Dataset records.
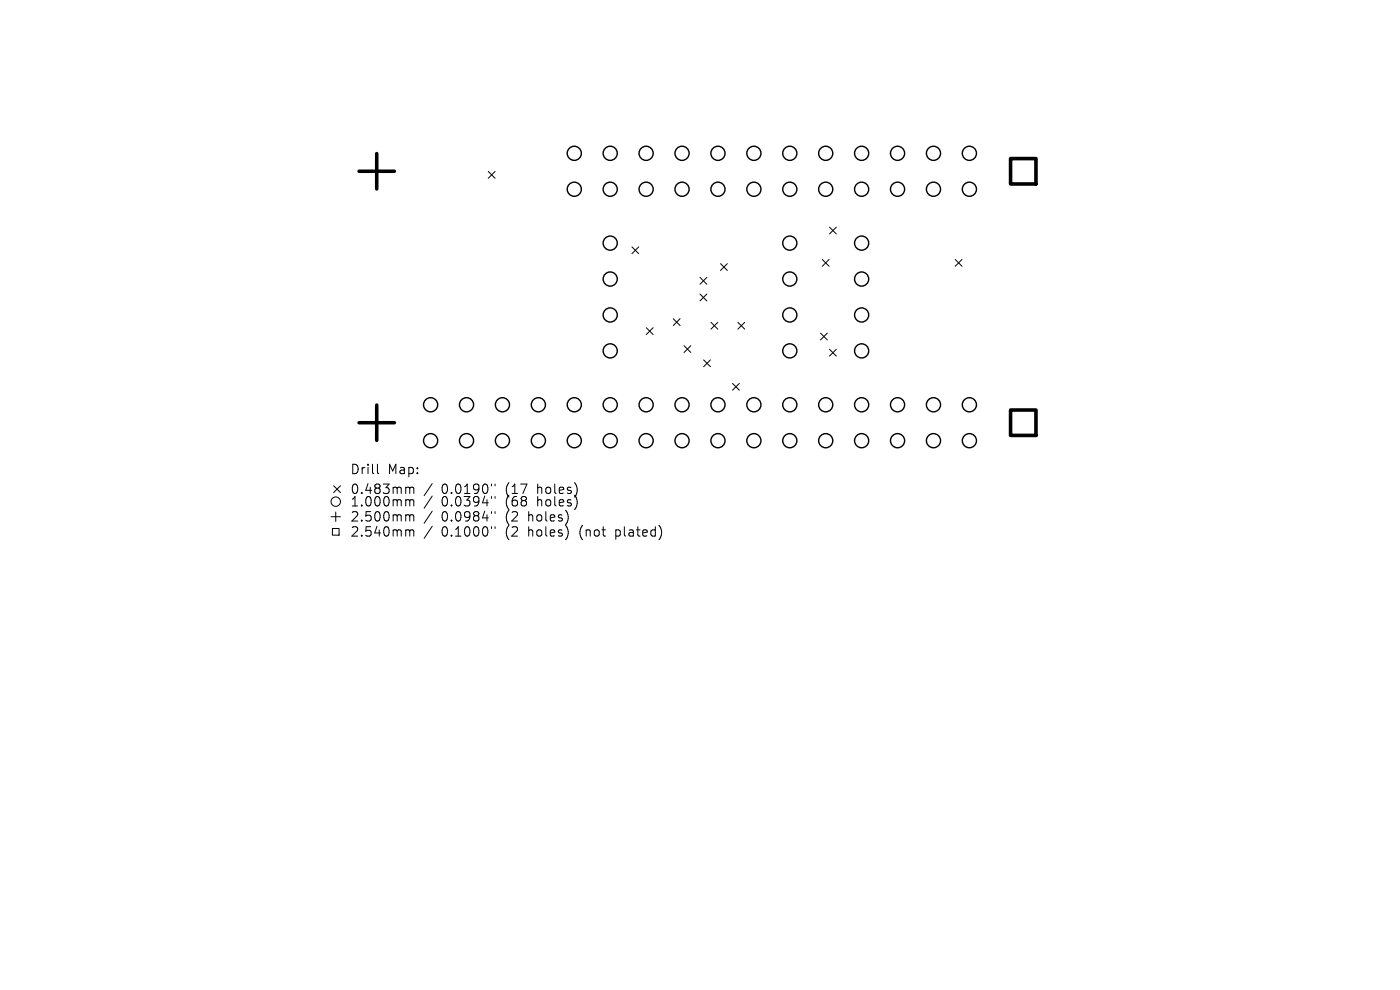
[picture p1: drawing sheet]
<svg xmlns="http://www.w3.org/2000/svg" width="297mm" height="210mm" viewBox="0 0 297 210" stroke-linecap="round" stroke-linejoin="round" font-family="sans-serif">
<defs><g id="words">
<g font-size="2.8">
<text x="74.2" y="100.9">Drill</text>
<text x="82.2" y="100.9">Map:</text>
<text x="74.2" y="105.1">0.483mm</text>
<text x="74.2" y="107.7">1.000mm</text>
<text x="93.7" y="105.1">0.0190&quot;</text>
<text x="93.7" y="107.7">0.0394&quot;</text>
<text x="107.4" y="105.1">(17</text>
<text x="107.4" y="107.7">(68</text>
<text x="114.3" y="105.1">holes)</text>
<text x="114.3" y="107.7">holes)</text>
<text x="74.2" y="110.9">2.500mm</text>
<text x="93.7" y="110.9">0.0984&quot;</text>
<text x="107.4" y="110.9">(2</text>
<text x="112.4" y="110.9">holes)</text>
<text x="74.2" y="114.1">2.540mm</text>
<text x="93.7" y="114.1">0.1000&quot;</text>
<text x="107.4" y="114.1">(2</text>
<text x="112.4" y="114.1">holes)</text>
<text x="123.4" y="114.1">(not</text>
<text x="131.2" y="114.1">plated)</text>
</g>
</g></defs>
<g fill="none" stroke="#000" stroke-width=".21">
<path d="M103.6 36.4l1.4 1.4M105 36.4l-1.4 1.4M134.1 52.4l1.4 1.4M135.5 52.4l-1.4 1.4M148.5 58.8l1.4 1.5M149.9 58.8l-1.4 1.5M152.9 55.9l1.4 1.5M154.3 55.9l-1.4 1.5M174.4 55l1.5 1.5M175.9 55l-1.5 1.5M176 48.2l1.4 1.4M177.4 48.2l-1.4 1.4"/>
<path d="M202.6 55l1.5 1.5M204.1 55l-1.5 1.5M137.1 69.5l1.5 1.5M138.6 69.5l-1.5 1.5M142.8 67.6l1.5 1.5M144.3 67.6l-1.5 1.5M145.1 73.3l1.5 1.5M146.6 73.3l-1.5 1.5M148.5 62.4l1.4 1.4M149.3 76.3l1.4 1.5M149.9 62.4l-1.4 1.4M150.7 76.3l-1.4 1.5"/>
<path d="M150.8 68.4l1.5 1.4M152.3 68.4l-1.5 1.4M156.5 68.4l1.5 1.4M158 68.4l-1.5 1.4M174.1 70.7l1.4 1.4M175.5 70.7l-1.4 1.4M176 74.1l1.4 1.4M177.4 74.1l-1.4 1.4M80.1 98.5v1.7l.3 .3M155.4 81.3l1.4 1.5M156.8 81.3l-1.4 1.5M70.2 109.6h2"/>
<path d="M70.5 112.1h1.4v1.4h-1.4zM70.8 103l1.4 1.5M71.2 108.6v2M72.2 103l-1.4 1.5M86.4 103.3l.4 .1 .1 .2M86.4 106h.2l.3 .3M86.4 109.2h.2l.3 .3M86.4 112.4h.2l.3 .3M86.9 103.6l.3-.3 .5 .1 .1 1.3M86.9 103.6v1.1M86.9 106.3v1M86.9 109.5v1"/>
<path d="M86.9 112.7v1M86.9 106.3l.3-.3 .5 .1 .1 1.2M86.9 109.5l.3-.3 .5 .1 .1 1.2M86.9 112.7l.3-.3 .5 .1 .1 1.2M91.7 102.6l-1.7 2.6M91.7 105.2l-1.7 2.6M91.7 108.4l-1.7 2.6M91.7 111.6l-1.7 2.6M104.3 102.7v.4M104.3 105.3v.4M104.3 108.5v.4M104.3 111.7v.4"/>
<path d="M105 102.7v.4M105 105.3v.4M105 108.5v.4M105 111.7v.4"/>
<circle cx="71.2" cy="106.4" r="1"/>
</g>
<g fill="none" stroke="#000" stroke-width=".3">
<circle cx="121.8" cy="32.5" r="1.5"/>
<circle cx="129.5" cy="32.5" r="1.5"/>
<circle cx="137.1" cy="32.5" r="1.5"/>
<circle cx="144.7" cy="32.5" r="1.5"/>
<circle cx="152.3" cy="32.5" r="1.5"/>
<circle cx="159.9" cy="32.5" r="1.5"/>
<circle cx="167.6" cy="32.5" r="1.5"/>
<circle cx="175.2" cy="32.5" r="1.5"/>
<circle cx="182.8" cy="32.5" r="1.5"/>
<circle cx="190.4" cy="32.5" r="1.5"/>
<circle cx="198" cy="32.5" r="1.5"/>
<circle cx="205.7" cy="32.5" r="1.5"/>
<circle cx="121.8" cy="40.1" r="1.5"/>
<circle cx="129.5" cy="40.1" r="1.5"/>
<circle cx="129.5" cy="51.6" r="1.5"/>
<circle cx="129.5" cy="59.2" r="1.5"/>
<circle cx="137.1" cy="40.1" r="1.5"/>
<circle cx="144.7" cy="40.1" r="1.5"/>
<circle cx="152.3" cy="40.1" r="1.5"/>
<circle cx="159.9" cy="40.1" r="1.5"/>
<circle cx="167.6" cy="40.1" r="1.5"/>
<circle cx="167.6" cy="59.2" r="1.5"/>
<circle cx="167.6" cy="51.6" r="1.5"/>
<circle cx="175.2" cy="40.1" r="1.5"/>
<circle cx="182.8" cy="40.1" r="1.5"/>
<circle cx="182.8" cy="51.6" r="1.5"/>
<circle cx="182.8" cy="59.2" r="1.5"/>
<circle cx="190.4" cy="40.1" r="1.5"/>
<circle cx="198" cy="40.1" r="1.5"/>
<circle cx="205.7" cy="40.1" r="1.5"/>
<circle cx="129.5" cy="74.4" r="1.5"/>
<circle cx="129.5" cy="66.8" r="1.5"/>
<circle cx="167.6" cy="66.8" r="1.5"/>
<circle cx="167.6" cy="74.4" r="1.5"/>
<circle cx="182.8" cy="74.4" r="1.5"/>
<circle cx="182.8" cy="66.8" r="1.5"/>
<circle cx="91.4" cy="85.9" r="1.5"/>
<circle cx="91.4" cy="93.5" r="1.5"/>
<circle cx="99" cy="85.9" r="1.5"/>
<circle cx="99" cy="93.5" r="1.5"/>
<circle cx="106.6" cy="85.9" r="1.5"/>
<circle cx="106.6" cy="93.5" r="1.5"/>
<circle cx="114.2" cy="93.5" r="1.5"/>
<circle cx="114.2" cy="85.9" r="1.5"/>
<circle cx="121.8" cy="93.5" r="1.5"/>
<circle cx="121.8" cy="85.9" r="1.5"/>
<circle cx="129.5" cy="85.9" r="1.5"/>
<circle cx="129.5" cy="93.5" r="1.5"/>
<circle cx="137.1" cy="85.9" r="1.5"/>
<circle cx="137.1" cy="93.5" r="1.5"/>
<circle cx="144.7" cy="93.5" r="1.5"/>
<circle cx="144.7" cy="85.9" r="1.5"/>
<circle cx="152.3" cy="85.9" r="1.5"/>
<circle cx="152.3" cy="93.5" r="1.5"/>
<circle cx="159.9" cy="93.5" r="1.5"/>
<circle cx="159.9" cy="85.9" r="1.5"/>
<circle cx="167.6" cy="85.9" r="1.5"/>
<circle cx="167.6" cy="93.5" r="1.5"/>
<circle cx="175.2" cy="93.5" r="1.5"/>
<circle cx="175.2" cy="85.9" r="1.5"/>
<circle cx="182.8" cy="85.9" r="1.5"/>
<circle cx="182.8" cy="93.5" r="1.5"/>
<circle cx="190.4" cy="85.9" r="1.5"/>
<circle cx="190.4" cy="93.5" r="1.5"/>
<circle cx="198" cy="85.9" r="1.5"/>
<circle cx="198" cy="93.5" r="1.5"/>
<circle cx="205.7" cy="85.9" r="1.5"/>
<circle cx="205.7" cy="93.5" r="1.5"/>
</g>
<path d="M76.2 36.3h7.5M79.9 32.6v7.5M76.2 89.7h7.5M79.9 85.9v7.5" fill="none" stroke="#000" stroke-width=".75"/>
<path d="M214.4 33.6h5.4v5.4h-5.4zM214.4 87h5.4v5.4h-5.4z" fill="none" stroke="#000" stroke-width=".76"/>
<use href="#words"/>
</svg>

Problem.
In the listing above, find the line with "</g></defs>" and the line with "36.4l1.4 1.4M105 36.4l-1.4", then reproduce both and every line between them exactly.

Exercise answer.
</g></defs>
<g fill="none" stroke="#000" stroke-width=".21">
<path d="M103.6 36.4l1.4 1.4M105 36.4l-1.4 1.4M134.1 52.4l1.4 1.4M135.5 52.4l-1.4 1.4M148.5 58.8l1.4 1.5M149.9 58.8l-1.4 1.5M152.9 55.9l1.4 1.5M154.3 55.9l-1.4 1.5M174.4 55l1.5 1.5M175.9 55l-1.5 1.5M176 48.2l1.4 1.4M177.4 48.2l-1.4 1.4"/>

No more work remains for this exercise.